For current observables (antisymmetric fluxes), a refined bound is derived:
$$\frac{\text{var}(j)}{j^2} \ge 2 \int_0^\infty e^{-t} \frac{(j^\rho_t / j)^2}{\sigma_t} dt$$

• $\sigma_t$: The instantaneous entropy production rate.
• Interpretation: The integral represents a weighted average where the "cost" of precision is paid in terms of instantaneous entropy production.
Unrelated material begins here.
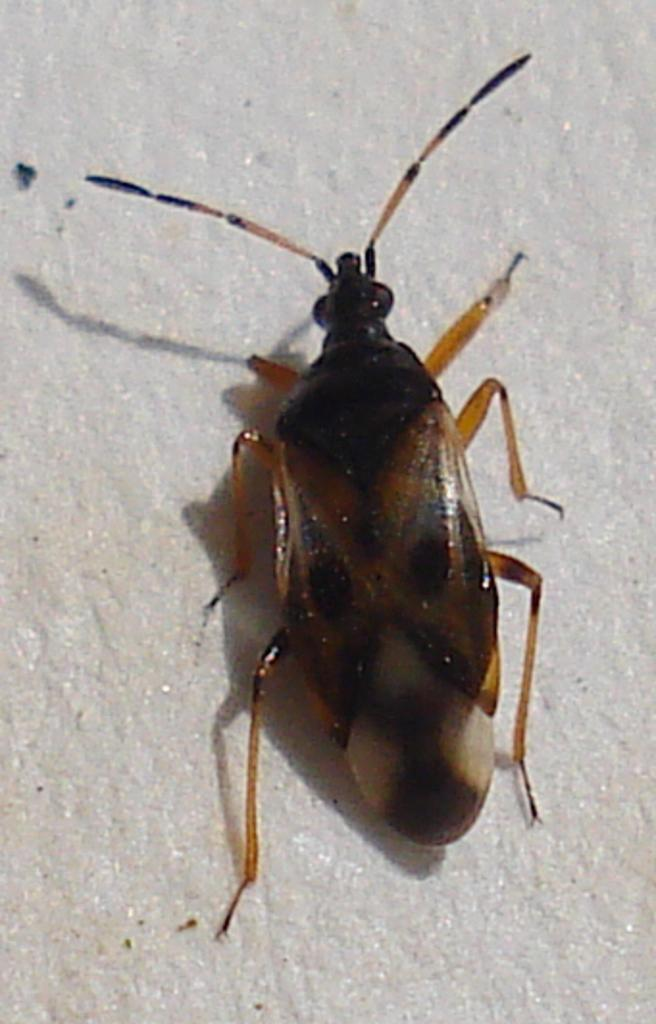What type of creature is present in the image? There is an insect in the image. Can you describe the insect's location in the image? The insect is on a surface in the image. What month is depicted in the image? There is no indication of a specific month in the image, as it only features an insect on a surface. What type of furniture is present in the image? There is no furniture present in the image; it only features an insect on a surface.

The $e^{-t}$ factor implies that entropy production at different times contributes differently to the bound, reflecting the system's memory horizon.

4. Illustrative Examples

The theory is validated using two specific models:

1. Two-State SIJP: A spin system where the flip-up rate grows exponentially with past occupation ($Q_{01} = 1 + e^{\alpha A_t}$).
   • Results show that the exact rate function $I_2(\ell)$ matches Monte Carlo simulations.
   • For large deviations, the non-Markovian character becomes apparent, deviating from the Markovian approximation due to sharp variations in the optimal trajectory $\rho(t)$.
2. Three-State Ring with Self-Induced Drag: A particle on a ring where transition rates slow down based on the time spent in a specific state.
   • Demonstrates the SIJP-TUR bound for particle currents, showing that the bound holds even with non-zero stationary currents and complex memory effects.

5. Significance and Future Directions

• Theoretical Unification: This work bridges the gap between Markovian large deviation theory and non-Markovian self-interacting systems, providing a rigorous framework for analyzing rare events in systems with memory.
• Universal Principles: It establishes that fundamental trade-offs (Uncertainty Relations) between precision, dissipation, and activity persist in non-Markovian regimes, albeit with modified, history-dependent forms.
• Applications: The framework is applicable to:
  • Biological Systems: Modeling autochemotactic organisms (e.g., E. coli, ants) that leave chemical trails.
  • Active Matter: Designing strategies for artificial self-propelling agents.
  • Quantum Systems: The authors suggest potential extensions to open quantum dynamics with memory.
• Limitations: While the results are exact in the statistical physics sense (large $T$ limit), they currently lack the full mathematical rigor of specific affine cases (Ref [31]), a gap the authors aim to close in future work.

In summary, the paper provides a powerful, general toolkit for quantifying fluctuations and thermodynamic costs in systems where the past dictates the future, extending the reach of modern non-equilibrium statistical mechanics beyond the Markovian approximation.